Patrick Nzuzi

Personal information
- Date of birth: 24 October 1992 (age 33)
- Place of birth: Lubumbashi, Zaire
- Height: 1.75 m (5 ft 9 in)
- Position(s): Fullback; midfielder;

Youth career
- 2008–2010: Newcastle United

Senior career*
- Years: Team / Apps / (Gls)
- 2010–2011: Newcastle United
- 2013–2014: Limerick F.C.
- 2015–2015: Sligo Rovers
- 2016–2018: Canterbury City
- 2018–2020: Herne Bay

International career
- 2012–2014: DR Congo / 9 / (1)

= Patrick Nzuzi =

Congolese footballer (born 1992)

Patrick Nzuzi (born 24 October 1992) is a Congolese footballer who represented the DR Congo national football team.

== Early life and education ==
Nzuzi was born in Lubumbashi, DR Congo to Pascal Longelo Nzuzi and Philomène Ibwata Wa Kucha. Patrick Nzuzi moved to the United Kingdom in 2005. He got into football at an early age and was signed by the academy of Newcastle United F.C.

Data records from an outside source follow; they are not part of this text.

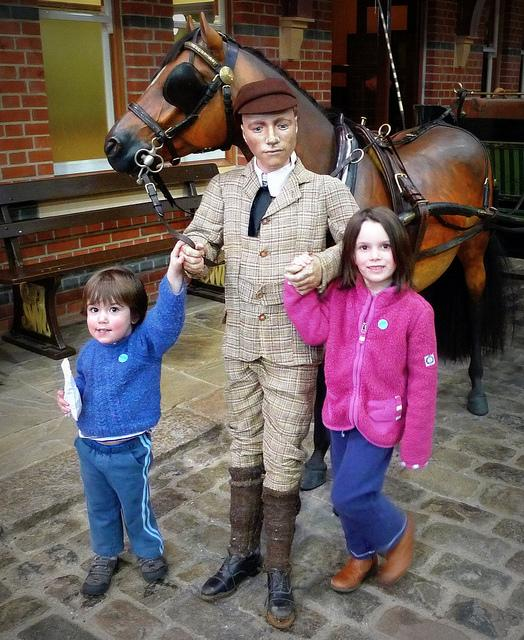What type of material makes up a majority of the construction in the area?

Choices:
A) stone
B) steel
C) wood
D) mud stone 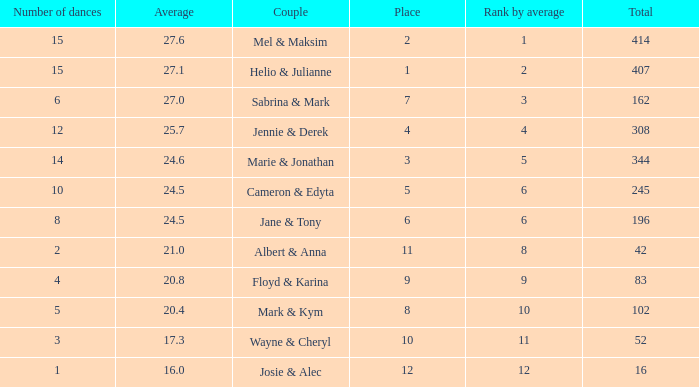What is the rank by average where the total was larger than 245 and the average was 27.1 with fewer than 15 dances? None. 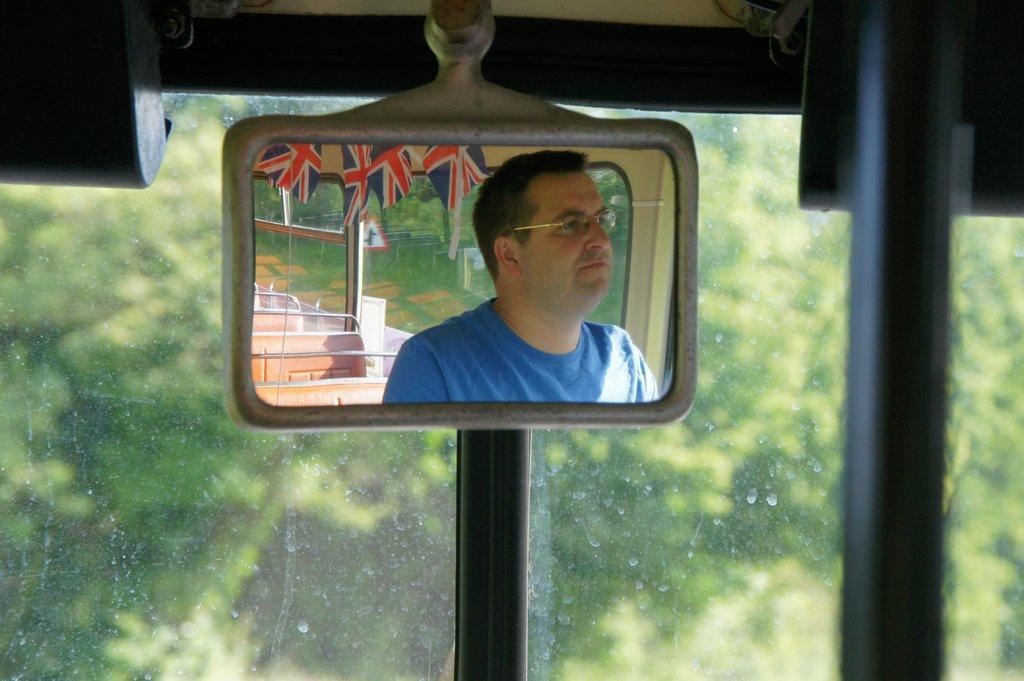Please provide a concise description of this image. In this image I can see the reflection of the person, seats and flags on the mirror. The mirror is inside the vehicle. In the background I can see the glass and few trees.

He has a Bachelor's degree in Sport and Exercise Management from the University of Kent which was completed during his footballing career and a Master's in High performance sport completed in Barcelona, Spain.

== Career ==
Nzuzi joined the Newcastle United academy aged 13 in 2005 and signed his first professional contract at Newcastle United aged 18 in 2010.

=== Newcastle United ===
Nzuzi made his reserve team debut aged 16 against Rotherham, and impressed the first team manager, Chris Hughton.

He captained the Under-18 team during the 2009–10 season and was part of the Newcastle United team that reached the FA Youth Cup semi-final in 2009–10.

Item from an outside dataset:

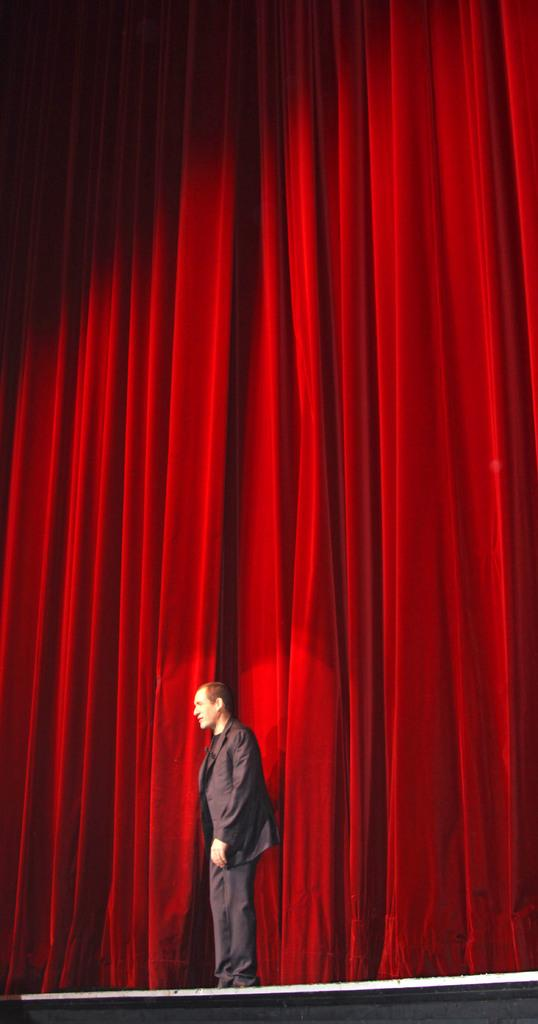Where was the image taken? The image is taken indoors. What can be seen in the background of the image? There are curtains in the background of the image. What is located at the bottom of the image? There is a dais at the bottom of the image. Who is present in the image? A man is standing on the dais in the middle of the image. What is the price of the hand in the image? There is no hand present in the image, and therefore no price can be determined.

He scored his first Newcastle United Reserves goal against Bedlington on 1 February 2012.

=== Limerick F.C. ===
His debut for Limerick F.C. came in a 1–1 Munster derby draw against Cork city.

Nzuzi became a regular at Limerick F.C. He made over 50 appearances in two seasons for the newly promoted Munster side.

He was named as one of the top five young players in Ireland by goal.com in his first season.

=== Sligo Rovers ===
Nzuzi was handed a one-year contract by interim boss and former Cameroon International, Joseph N'Do, however injuries saw him end his Sligo journey early in December 2015.

=== DR Congo ===
Nzuzi made his debut for the DR Congo national football team in a U21 friendly against Austria. He went on to represent DR Congo at the Toulon Tournament held in 2014 in Toulon France where he faced the likes of France, Colombia, US and South Korea.

He was handed a first team debut in a friendly against Cameroon by Claude Le Roy.